** Opening DATA block **

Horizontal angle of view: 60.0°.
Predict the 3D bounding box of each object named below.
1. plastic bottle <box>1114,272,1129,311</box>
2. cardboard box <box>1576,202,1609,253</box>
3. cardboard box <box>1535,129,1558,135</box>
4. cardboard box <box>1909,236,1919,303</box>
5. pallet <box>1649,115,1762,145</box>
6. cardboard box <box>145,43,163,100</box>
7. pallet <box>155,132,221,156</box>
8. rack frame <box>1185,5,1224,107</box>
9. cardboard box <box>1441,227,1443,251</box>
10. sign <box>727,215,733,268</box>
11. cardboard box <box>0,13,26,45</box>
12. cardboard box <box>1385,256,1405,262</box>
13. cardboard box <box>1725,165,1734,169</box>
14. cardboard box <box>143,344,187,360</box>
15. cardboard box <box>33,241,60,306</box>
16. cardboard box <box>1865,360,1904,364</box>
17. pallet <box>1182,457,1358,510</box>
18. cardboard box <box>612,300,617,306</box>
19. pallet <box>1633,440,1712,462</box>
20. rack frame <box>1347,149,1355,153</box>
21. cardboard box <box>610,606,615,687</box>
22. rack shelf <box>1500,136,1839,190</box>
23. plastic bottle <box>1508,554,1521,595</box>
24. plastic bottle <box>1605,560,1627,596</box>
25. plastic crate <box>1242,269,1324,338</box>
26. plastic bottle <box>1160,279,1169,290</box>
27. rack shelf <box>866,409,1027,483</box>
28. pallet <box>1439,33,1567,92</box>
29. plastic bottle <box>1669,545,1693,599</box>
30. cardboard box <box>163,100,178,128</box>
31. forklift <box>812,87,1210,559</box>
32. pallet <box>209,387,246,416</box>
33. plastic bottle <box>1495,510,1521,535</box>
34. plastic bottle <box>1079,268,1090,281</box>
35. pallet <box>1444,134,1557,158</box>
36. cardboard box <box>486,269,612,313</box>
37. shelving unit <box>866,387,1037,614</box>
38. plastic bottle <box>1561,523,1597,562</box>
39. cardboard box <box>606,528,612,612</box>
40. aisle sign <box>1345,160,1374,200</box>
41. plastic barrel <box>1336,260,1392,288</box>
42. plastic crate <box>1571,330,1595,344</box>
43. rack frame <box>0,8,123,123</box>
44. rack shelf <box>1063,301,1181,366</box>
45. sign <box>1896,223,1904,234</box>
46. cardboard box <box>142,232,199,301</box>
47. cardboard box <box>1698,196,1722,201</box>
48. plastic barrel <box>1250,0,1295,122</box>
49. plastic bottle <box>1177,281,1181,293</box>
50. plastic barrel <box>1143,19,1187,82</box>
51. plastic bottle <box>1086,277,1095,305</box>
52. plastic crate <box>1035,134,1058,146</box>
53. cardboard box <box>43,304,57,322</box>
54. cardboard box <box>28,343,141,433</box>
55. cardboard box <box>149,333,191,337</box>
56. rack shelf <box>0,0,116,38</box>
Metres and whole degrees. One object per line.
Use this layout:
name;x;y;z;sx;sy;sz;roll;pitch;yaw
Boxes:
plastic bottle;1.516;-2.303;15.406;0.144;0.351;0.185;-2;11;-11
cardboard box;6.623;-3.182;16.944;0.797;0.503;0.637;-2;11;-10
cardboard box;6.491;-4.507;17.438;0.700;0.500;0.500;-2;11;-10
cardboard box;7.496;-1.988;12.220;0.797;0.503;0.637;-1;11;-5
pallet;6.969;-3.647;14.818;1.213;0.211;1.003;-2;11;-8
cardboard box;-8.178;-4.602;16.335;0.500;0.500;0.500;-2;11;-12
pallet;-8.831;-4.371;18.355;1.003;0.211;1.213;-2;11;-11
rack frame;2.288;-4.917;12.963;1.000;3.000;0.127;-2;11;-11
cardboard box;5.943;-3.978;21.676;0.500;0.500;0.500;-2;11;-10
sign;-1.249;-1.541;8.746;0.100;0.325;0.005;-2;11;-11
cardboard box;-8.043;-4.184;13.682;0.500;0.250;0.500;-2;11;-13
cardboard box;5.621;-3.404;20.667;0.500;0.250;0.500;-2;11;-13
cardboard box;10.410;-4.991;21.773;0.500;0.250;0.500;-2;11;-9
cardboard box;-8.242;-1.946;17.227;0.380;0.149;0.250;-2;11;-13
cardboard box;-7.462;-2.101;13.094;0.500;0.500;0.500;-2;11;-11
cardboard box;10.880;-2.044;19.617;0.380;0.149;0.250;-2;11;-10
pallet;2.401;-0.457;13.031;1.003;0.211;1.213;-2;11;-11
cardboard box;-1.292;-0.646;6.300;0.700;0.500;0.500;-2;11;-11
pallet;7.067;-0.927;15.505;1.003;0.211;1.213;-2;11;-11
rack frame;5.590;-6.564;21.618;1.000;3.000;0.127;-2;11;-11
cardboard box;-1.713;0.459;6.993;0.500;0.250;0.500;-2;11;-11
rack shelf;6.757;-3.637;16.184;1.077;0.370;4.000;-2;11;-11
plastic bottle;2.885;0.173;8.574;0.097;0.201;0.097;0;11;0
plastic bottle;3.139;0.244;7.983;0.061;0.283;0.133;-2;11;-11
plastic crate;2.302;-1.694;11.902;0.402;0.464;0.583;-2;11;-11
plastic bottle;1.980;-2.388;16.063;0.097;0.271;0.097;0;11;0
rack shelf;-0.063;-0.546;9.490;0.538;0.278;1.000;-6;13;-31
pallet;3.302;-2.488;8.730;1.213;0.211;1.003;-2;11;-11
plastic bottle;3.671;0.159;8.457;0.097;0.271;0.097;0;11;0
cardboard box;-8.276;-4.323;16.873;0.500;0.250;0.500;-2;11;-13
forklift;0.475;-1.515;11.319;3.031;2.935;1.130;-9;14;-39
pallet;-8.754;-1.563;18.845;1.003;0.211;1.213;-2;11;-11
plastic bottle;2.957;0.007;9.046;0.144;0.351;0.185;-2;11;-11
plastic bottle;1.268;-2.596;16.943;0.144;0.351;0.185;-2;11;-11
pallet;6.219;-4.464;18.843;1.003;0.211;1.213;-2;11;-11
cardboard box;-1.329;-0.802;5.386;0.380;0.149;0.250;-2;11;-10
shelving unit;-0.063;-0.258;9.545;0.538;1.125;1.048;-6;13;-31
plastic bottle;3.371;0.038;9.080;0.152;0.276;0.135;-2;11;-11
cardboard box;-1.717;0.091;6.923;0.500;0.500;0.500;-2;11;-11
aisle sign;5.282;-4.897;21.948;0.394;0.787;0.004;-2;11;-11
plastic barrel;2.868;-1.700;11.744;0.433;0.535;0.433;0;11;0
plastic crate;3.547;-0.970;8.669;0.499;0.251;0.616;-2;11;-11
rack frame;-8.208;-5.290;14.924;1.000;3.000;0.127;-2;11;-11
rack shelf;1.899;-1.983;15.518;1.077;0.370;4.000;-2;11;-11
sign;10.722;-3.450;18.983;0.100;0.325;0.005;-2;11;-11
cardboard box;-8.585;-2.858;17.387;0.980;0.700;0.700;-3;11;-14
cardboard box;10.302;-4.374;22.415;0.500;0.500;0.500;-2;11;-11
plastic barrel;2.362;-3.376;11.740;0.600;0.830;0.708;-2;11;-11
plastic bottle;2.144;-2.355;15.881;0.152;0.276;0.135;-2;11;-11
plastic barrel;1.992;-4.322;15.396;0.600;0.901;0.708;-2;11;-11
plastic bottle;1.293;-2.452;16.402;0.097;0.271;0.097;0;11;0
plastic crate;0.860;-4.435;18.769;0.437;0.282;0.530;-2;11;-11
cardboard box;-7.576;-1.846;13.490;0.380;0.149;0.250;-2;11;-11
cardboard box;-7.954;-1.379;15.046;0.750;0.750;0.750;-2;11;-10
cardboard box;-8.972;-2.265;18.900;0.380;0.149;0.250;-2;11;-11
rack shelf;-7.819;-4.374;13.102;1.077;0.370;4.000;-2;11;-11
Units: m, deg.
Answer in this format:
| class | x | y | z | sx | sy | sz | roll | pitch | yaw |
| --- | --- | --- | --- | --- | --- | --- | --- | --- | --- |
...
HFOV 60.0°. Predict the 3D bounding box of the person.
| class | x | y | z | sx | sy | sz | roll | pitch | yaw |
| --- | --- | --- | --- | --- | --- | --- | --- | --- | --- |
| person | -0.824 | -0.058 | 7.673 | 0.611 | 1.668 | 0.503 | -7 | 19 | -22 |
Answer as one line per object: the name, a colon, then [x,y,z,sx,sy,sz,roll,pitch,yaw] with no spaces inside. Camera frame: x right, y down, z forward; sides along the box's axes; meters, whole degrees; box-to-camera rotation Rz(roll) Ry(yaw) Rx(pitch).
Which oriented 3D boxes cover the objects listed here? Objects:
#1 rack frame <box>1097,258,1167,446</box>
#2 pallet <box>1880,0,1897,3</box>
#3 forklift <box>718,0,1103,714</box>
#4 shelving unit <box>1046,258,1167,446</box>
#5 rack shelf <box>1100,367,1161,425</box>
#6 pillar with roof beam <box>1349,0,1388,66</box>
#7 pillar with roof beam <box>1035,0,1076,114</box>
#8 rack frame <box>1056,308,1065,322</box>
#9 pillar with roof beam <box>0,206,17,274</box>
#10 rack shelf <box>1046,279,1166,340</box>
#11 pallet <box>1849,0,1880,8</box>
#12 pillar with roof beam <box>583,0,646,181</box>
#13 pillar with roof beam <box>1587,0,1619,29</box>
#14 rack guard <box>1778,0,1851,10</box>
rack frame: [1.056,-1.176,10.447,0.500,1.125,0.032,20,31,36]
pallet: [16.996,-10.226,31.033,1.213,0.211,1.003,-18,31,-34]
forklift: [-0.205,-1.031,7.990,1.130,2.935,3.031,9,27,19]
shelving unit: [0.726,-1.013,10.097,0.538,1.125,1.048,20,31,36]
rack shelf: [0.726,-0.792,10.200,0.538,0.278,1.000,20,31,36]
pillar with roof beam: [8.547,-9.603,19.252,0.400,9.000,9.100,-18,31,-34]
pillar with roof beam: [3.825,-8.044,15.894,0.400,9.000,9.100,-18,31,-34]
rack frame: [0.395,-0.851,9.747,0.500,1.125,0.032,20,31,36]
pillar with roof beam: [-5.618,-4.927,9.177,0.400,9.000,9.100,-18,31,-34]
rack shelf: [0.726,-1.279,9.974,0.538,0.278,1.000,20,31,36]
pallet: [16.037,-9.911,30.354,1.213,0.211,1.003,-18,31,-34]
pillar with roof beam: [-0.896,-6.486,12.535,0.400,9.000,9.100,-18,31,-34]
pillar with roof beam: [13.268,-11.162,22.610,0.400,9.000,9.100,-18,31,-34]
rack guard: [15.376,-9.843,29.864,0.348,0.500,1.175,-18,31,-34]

** Closing DATA block **

▸ PROBLEM TO SOLVE: All lines above from the line with "Units: m, deg." through the line with "#13 pillar with", both included, are to be set down exactly, with nothing else.

▸ FINISHED EXERCISE:
Units: m, deg.
Answer in this format:
| class | x | y | z | sx | sy | sz | roll | pitch | yaw |
| --- | --- | --- | --- | --- | --- | --- | --- | --- | --- |
...
HFOV 60.0°. Predict the 3D bounding box of the person.
| class | x | y | z | sx | sy | sz | roll | pitch | yaw |
| --- | --- | --- | --- | --- | --- | --- | --- | --- | --- |
| person | -0.824 | -0.058 | 7.673 | 0.611 | 1.668 | 0.503 | -7 | 19 | -22 |
Answer as one line per object: the name, a colon, then [x,y,z,sx,sy,sz,roll,pitch,yaw] with no spaces inside. Camera frame: x right, y down, z forward; sides along the box's axes; meters, whole degrees; box-to-camera rotation Rz(roll) Ry(yaw) Rx(pitch).
Which oriented 3D boxes cover the objects listed here? Objects:
#1 rack frame <box>1097,258,1167,446</box>
#2 pallet <box>1880,0,1897,3</box>
#3 forklift <box>718,0,1103,714</box>
#4 shelving unit <box>1046,258,1167,446</box>
#5 rack shelf <box>1100,367,1161,425</box>
#6 pillar with roof beam <box>1349,0,1388,66</box>
#7 pillar with roof beam <box>1035,0,1076,114</box>
#8 rack frame <box>1056,308,1065,322</box>
#9 pillar with roof beam <box>0,206,17,274</box>
#10 rack shelf <box>1046,279,1166,340</box>
#11 pallet <box>1849,0,1880,8</box>
#12 pillar with roof beam <box>583,0,646,181</box>
#13 pillar with roof beam <box>1587,0,1619,29</box>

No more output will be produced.